By Jacob Laksin on 8.26.05 @ 12:09AM
Does the minority party have a serious vision for a dangerous world? Harry and Nancy sure think so.
Conventional wisdom has it that today's Democratic Party lacks a
serious foreign policy platform. For reasons not difficult to
discern, Democrats have dismissed the charge as the caricature of
mean-spirited Republicans and their media surrogates. But the
evidence suggests that it has resonance within the party.
As the Boston Globe reported in early August, Democratic leaders
have recently convened a series of closed-door discussions aimed at
devising a "more aggressive foreign policy that focuses heavily on
threats they say are being neglected by the Bush administration."
In particular, they hope to offer a strategy for curbing nuclear
proliferation and dealing with those perennial diplomatic
flashpoints, Iran and North Korea.
Their progress is not reassuring. Consider the foreign policy
vision sketched by Nancy Pelosi and Harry Reid, respectively the
Democratic leaders of the House and Senate, in a USA Today
op-ed this week. In it, the authors show, as the
headline writer perhaps too sympathetically puts it, how to
"effectively confront nuclear threat from terrorists."
So what do the Democratic leaders propose? Most important, they
note, is to "track down and secure loose nuclear weapons and
material," especially in Russia, where there is "enough usable
material for 80,000 nuclear weapons, and less than half of its
nuclear weapons and materials have been protected from theft."
Hence the authors conclude that "[w]e need to move from a policy of
assistance to a partnership so that Americans and Russians work
together on a plan against this common threat."
They are surely on to something here. Or at least they would be,
if the president hadn't put this very policy into action some time
ago.

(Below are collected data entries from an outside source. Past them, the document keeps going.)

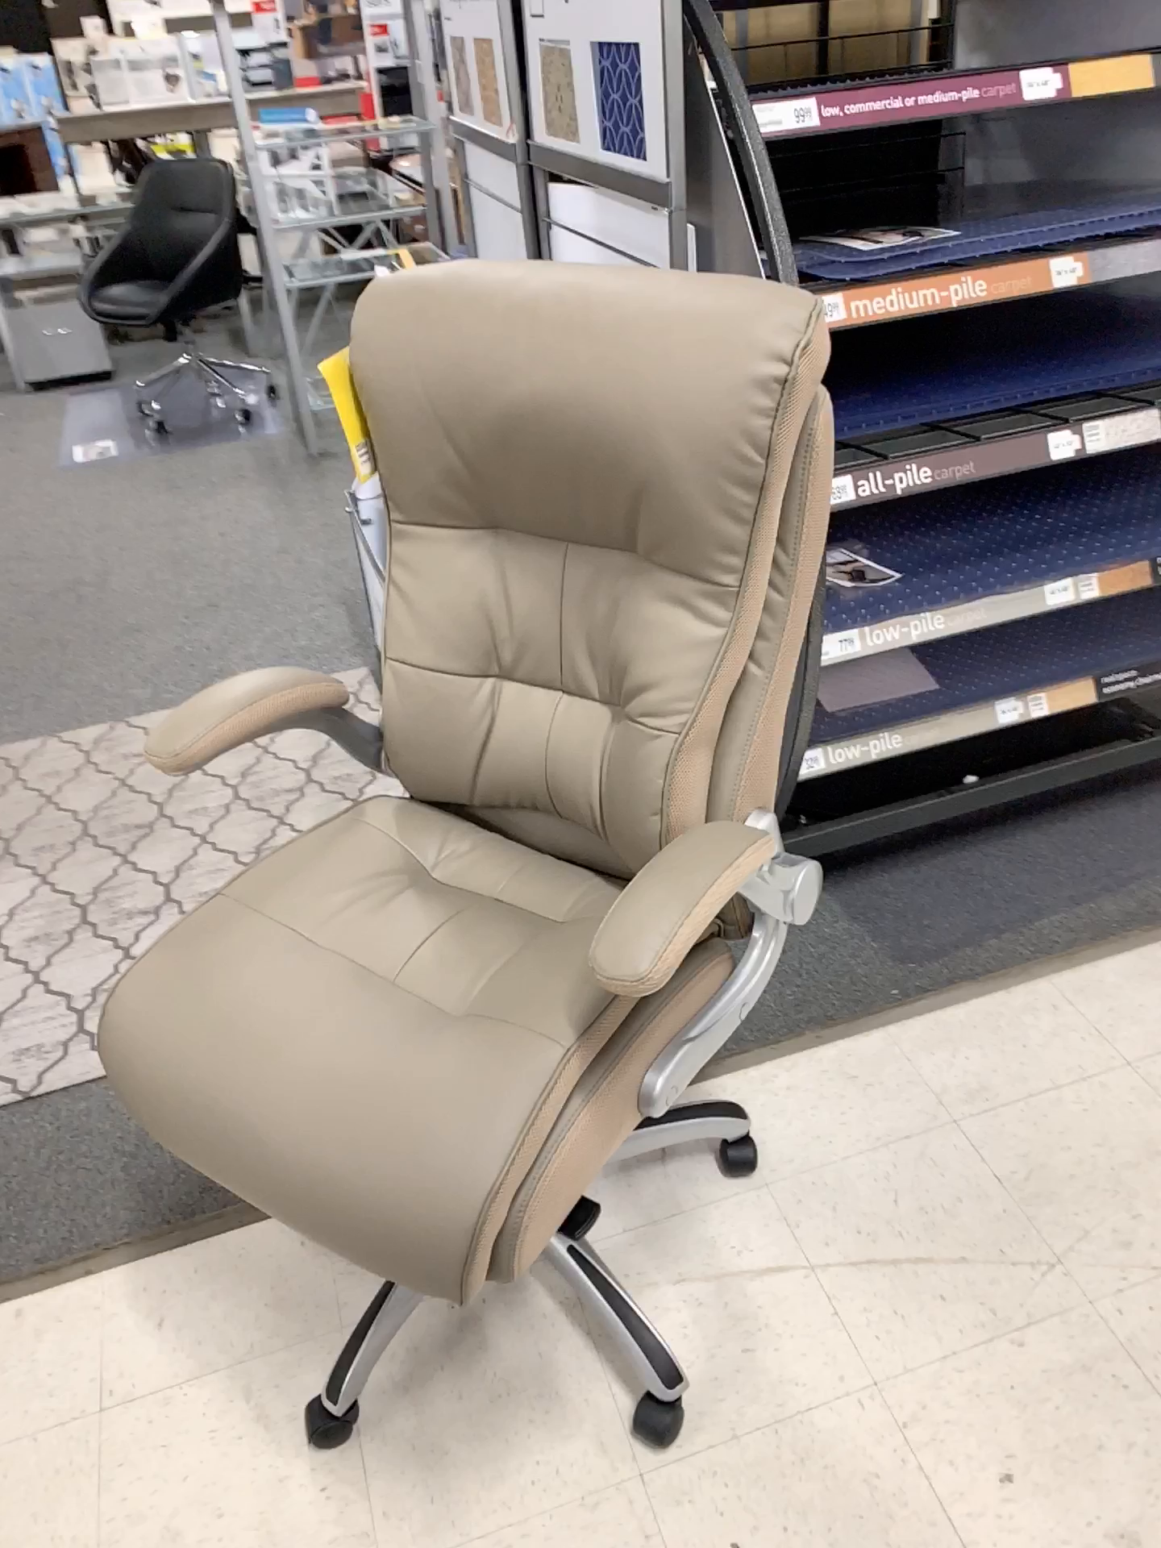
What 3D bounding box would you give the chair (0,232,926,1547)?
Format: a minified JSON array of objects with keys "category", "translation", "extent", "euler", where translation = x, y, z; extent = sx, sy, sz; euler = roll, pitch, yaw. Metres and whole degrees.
[{"category":"chair","translation":[-0.159,0.117,1.273],"extent":[0.713,1.144,0.721],"euler":[18,40,31]}]
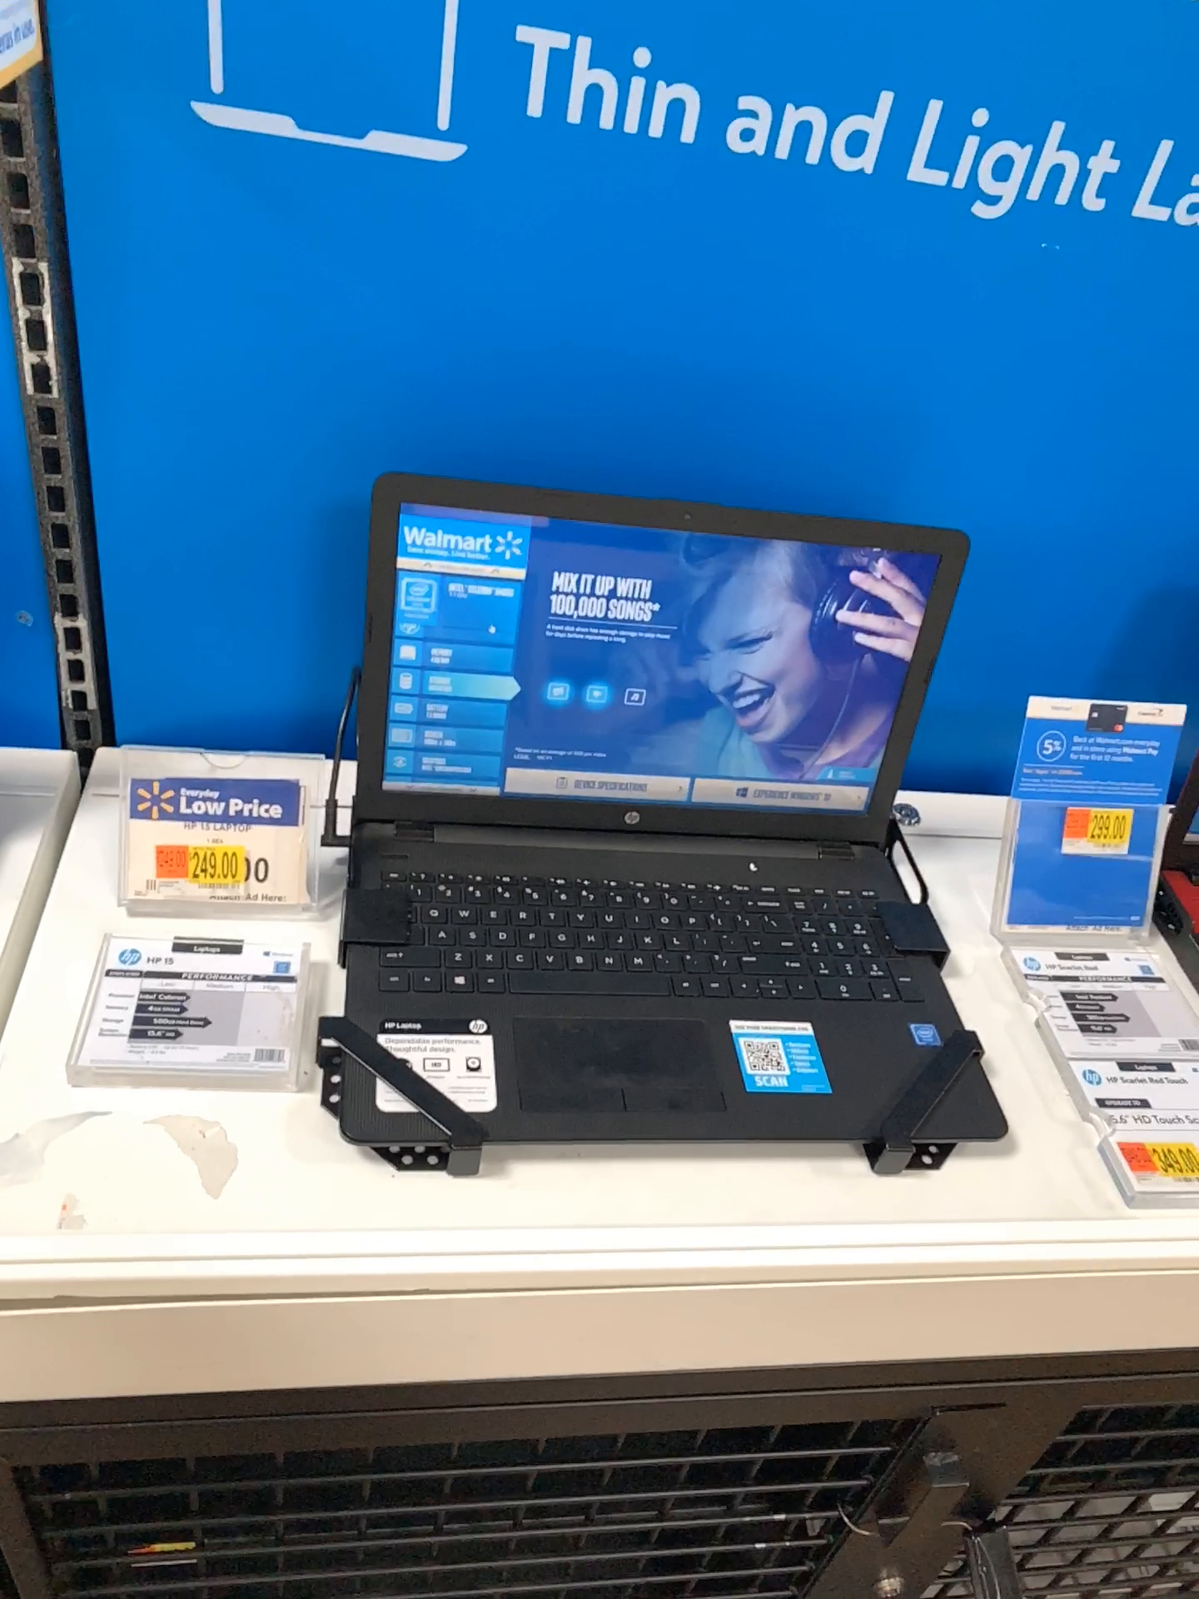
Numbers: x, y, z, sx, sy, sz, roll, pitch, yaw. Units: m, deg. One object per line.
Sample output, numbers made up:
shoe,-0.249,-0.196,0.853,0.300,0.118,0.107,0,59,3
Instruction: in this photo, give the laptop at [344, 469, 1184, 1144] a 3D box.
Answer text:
laptop,0.048,0.002,0.692,0.363,0.225,0.287,3,40,-12
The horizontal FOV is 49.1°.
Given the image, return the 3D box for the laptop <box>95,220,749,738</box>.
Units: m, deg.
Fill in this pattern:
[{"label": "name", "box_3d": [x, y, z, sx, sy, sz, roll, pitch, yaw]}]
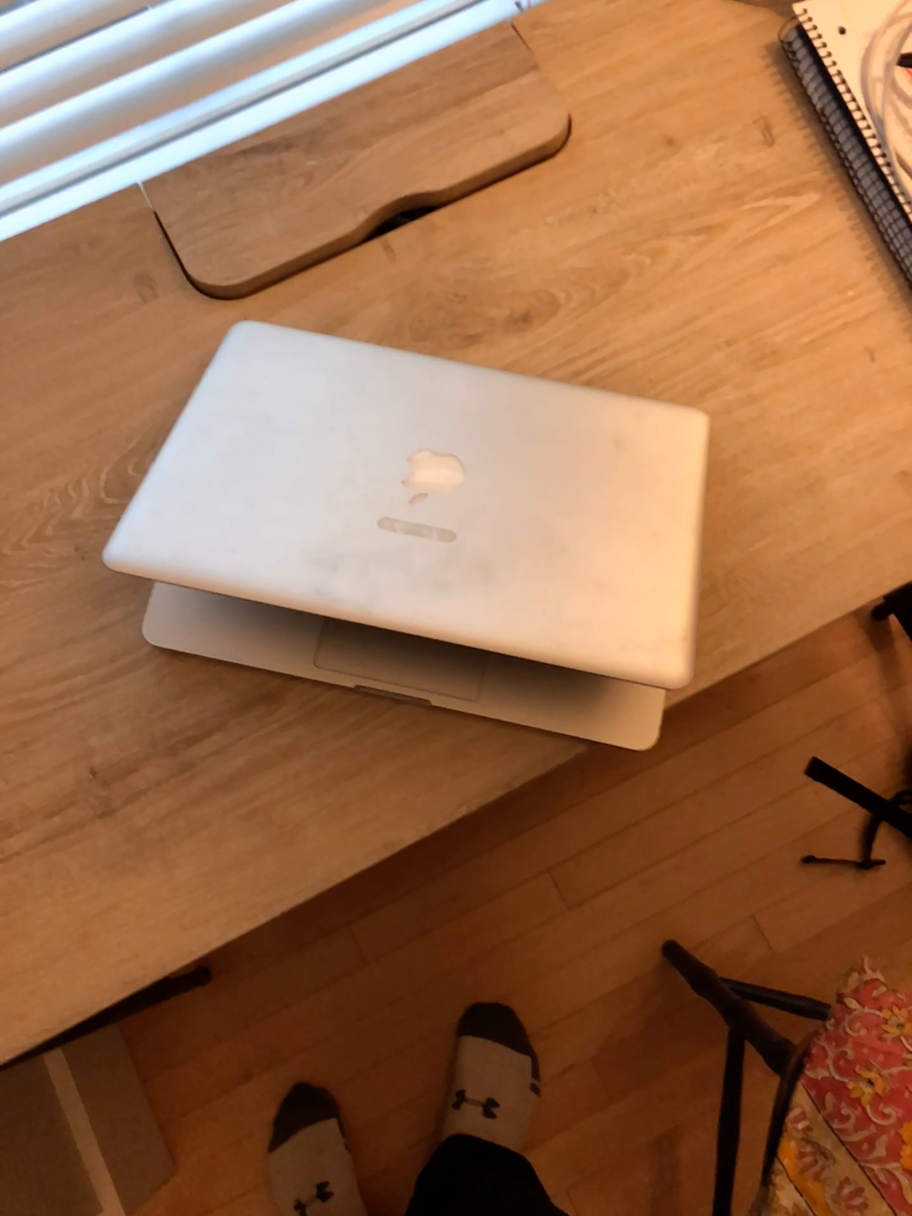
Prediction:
[{"label": "laptop", "box_3d": [-0.012, -0.076, 0.590, 0.318, 0.090, 0.228, 12, 75, 4]}]
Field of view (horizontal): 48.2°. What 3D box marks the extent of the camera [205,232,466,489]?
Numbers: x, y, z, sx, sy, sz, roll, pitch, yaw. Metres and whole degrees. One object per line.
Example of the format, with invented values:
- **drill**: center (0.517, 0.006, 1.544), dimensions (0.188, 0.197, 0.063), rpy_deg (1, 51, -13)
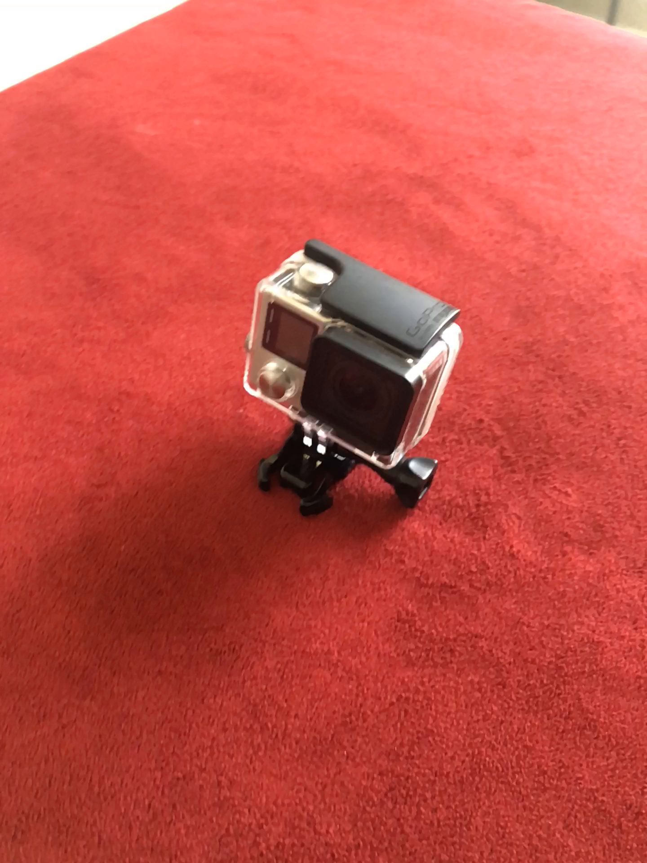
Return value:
- **camera**: center (0.001, -0.025, 0.244), dimensions (0.072, 0.050, 0.040), rpy_deg (27, 45, 19)
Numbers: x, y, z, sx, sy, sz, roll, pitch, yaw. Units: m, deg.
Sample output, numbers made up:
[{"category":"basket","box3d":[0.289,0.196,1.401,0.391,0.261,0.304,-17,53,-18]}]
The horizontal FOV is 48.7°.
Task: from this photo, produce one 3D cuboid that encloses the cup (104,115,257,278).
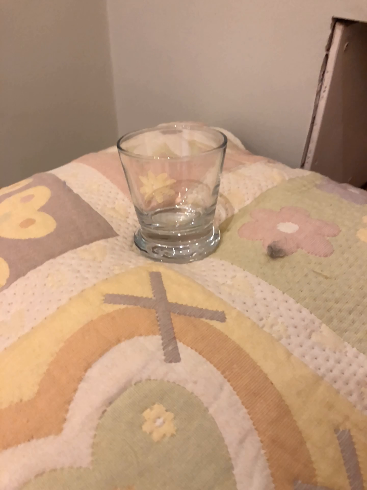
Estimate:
[{"category":"cup","box3d":[-0.002,-0.044,0.320,0.080,0.089,0.080,1,30,0]}]
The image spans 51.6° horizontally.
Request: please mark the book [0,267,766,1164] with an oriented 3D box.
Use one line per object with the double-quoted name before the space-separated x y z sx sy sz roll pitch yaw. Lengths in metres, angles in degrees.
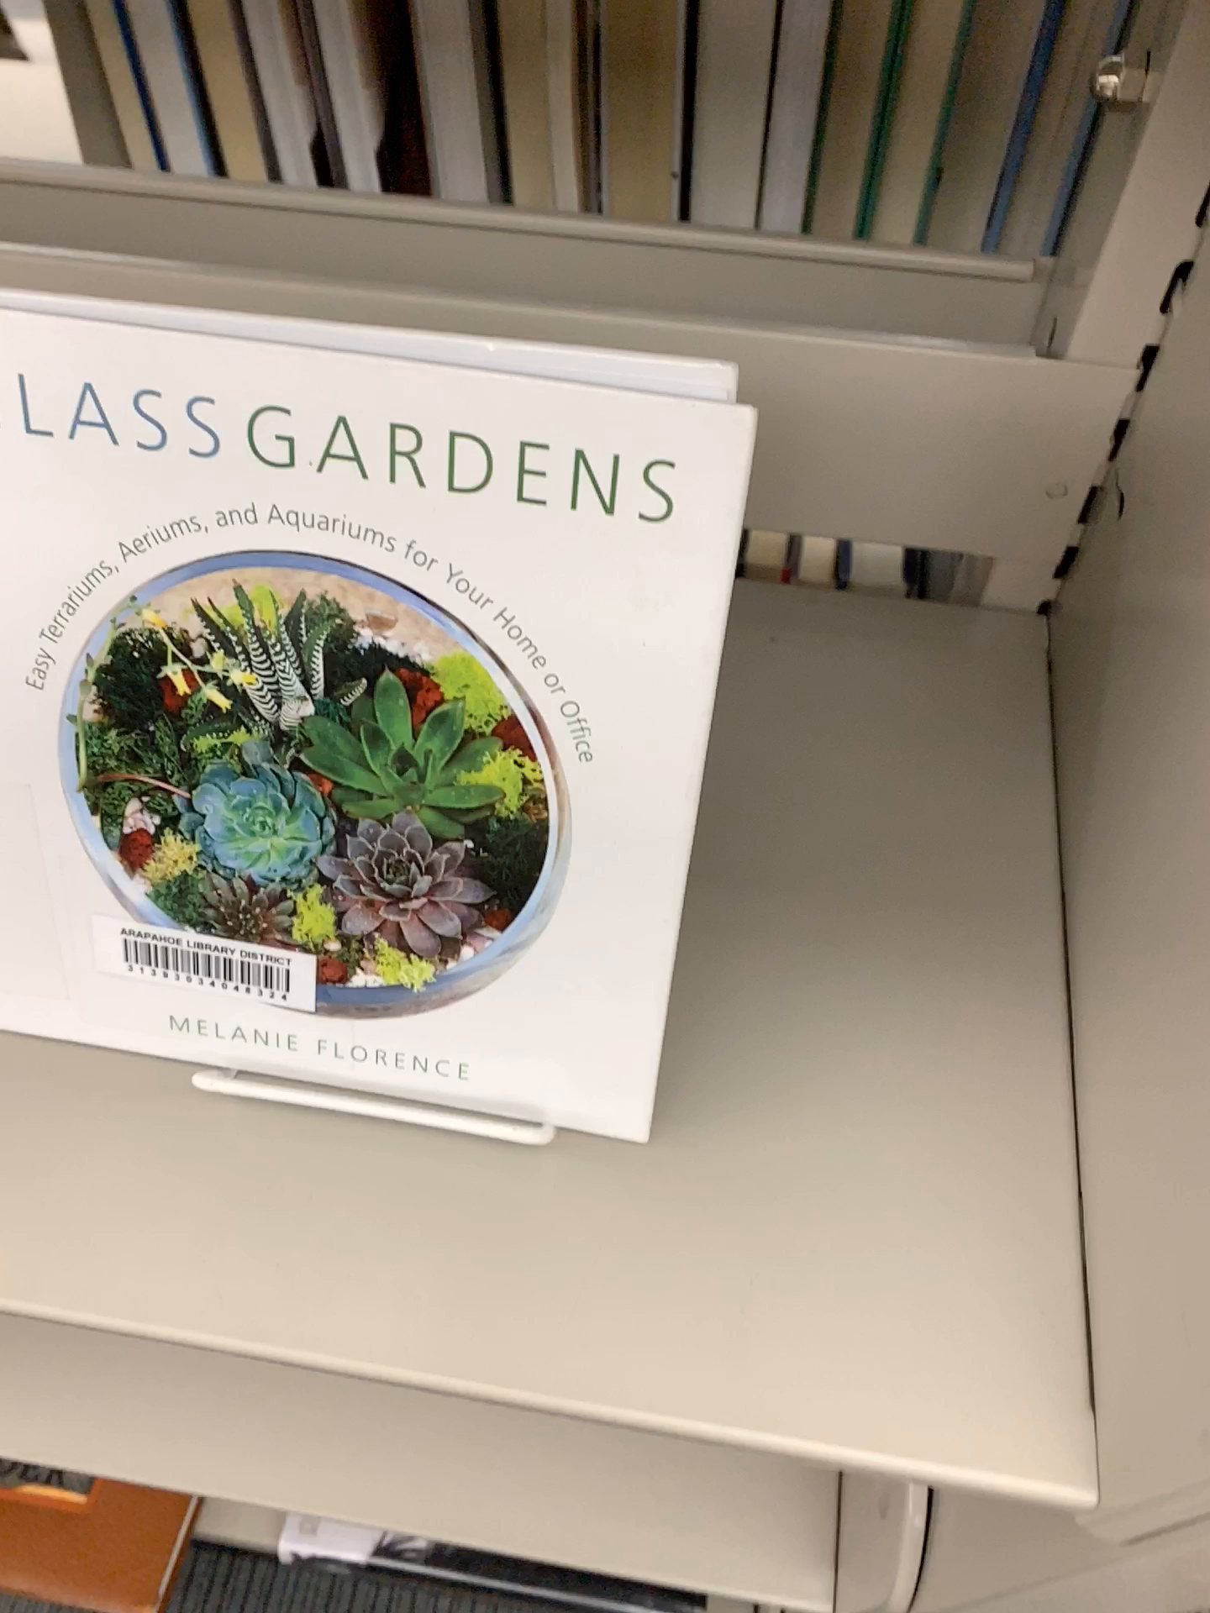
"book" -0.068 -0.012 0.271 0.180 0.174 0.030 8 30 5
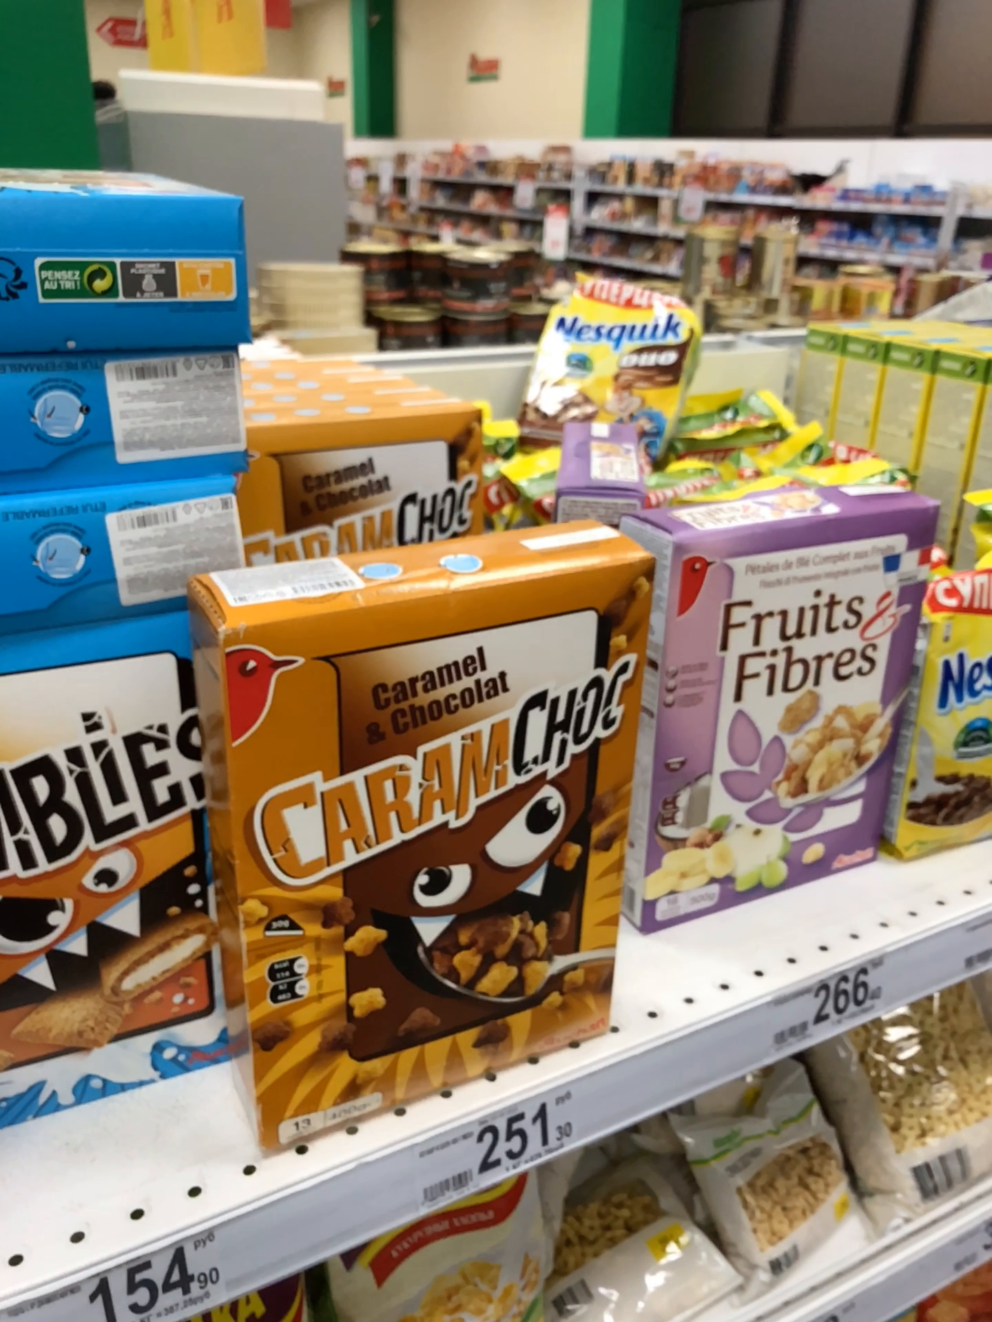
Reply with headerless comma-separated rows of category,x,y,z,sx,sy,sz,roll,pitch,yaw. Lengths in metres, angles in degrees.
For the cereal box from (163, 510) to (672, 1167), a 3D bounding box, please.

In fact, back in February, President Bush and Russia's
Vladimir Putin worked out a pact to speed up security upgrades at Russia's
nuclear facilities, crack down on the production of weaponized
uranium worldwide, and develop a joint response against the common
threat of nuclear or radiological terrorist attack. It is
apparently news to Pelosi and Reid that their new plan has been
official U.S. policy for months.
After Russia's nuclear arsenal, the Democrats see Iran and North
Korea as the top threats. Again, they're on the mark. No
fair-minded observer would deny that U.S. policy toward both
countries has come a cropper. Iran, by all accounts, intends to
forge ahead with its nuclear program, while North Korea seems no
more open to reducing its nuclear capabilities than it was when the
so-called six-party talks commenced in 2003. Seemingly recognizing
this reality, Pelosi and Reid write that "We can no longer
outsource national security to the European Union or nations such
as China."
Lest one assume that the Democratic leadership has awakened to
the need for strong-arm measures when dealing with rogue states,
however, Pelosi and Reid are quick to point out that what they
really want is a replay of the frustrated diplomacy they supposedly
condemn. They call for more "carrots" and counsel "pursuing
diplomacy and trying to convince these nations to act in their own
best interests." Presumably because both Iran and North Korea have
decided that nuclear weapons are in their best interest,
Pelosi and Reid also insist on "backing that up with a real
commitment to use whatever form of pressure is most likely to
produce results."
What to make of this strategy? At best, it makes the Democratic
Party's position on Iran and North Korea identical to that of the
Bush administration. At worst, it envisions a new round of the
diplomacy whose fecklessness is now acknowledged in even the famously indulgent
capitals of Europe. It doesn't help matters that the only concrete
policy proposal advanced by Pelosi and Reid -- "the need to
revitalize the Nuclear Non-Proliferation Treaty" -- is no solution
at all, as they unwittingly concede in citing North Korea's
abrogation of the treaty and its subsequent expulsion of
international inspectors. And this, remember, is the product of
weeks of Democratic brainstorming about foreign policy.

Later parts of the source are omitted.